The only child of indulgent parents, Williams received continuous financial support from them for his various entrepreneurial ventures. As he ineptly scouted for local musicians, particularly black teenagers, Williams frittered away their savings, driving them to bankruptcy. Williams was known to be a pathological liar, lived with his parents and was a loner. Williams was surrounded by rumors of homosexuality. He had the gift of impersonation and was arrested in 1976 for “impersonating a police officer and unauthorized use of a vehicle” (Bell, Murderpedia).

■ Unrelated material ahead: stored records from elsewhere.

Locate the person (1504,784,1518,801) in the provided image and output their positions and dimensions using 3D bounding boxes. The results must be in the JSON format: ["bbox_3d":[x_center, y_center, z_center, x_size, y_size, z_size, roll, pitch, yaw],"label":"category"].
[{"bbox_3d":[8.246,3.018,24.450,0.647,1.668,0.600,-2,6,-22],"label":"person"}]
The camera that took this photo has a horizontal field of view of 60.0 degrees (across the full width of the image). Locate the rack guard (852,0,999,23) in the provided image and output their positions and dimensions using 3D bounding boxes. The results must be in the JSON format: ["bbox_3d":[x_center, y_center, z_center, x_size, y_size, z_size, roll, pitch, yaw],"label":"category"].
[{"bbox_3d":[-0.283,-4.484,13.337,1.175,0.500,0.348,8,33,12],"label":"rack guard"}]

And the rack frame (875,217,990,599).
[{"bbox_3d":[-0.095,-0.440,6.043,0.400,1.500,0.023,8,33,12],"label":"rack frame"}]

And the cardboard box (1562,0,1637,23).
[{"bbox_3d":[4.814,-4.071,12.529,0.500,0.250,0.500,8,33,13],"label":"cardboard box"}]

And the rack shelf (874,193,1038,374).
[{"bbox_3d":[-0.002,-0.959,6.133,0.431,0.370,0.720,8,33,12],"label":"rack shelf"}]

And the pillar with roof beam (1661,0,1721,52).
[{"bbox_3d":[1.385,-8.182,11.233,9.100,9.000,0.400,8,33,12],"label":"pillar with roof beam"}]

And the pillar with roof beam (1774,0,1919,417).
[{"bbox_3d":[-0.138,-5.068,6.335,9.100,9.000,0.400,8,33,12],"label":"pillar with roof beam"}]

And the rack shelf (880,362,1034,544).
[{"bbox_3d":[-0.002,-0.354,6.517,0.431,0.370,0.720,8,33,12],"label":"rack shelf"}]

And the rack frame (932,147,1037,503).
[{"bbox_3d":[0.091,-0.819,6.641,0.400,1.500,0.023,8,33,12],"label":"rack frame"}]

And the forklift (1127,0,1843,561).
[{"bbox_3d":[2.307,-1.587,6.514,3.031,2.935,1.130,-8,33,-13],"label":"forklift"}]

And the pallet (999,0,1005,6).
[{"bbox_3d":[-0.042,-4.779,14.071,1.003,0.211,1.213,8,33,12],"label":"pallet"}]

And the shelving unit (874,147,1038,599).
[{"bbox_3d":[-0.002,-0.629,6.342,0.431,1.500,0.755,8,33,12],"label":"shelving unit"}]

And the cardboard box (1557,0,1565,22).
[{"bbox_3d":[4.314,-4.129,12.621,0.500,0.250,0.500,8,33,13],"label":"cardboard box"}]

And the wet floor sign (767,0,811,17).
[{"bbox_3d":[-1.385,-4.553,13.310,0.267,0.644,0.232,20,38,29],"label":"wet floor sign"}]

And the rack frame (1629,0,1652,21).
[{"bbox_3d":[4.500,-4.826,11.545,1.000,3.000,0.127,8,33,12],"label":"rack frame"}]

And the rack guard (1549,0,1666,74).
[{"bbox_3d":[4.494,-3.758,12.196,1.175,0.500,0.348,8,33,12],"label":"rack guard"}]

The victims of the serial killer were all blacks. Beginning with Edward Smith (14), Alfred Evans (13) Milton Harvey (14), and Yusef Bell (9) in July 1979, the list of child victims went on with Angel Lenair (12), Jeffrey Mathis (10), Eric Middlebrooks (14), Chris Richardson (12), Latonya Wilson (7), Aaron Wyche (10), Anthony Carter (9), Earl Terell (11), Clifford Jones (13), Darren Glass (10), Charles Stephens (12), Aaron Jackson (9) and Patrick Rogers (16) in 1980. The spree continued into 1981 with Lubie Geter (14), Terry Pue (15), Patrick Baltazar (11), Curtis Walker (15), Joseph Bell (15) and ended with Timothy Hill (13) in March.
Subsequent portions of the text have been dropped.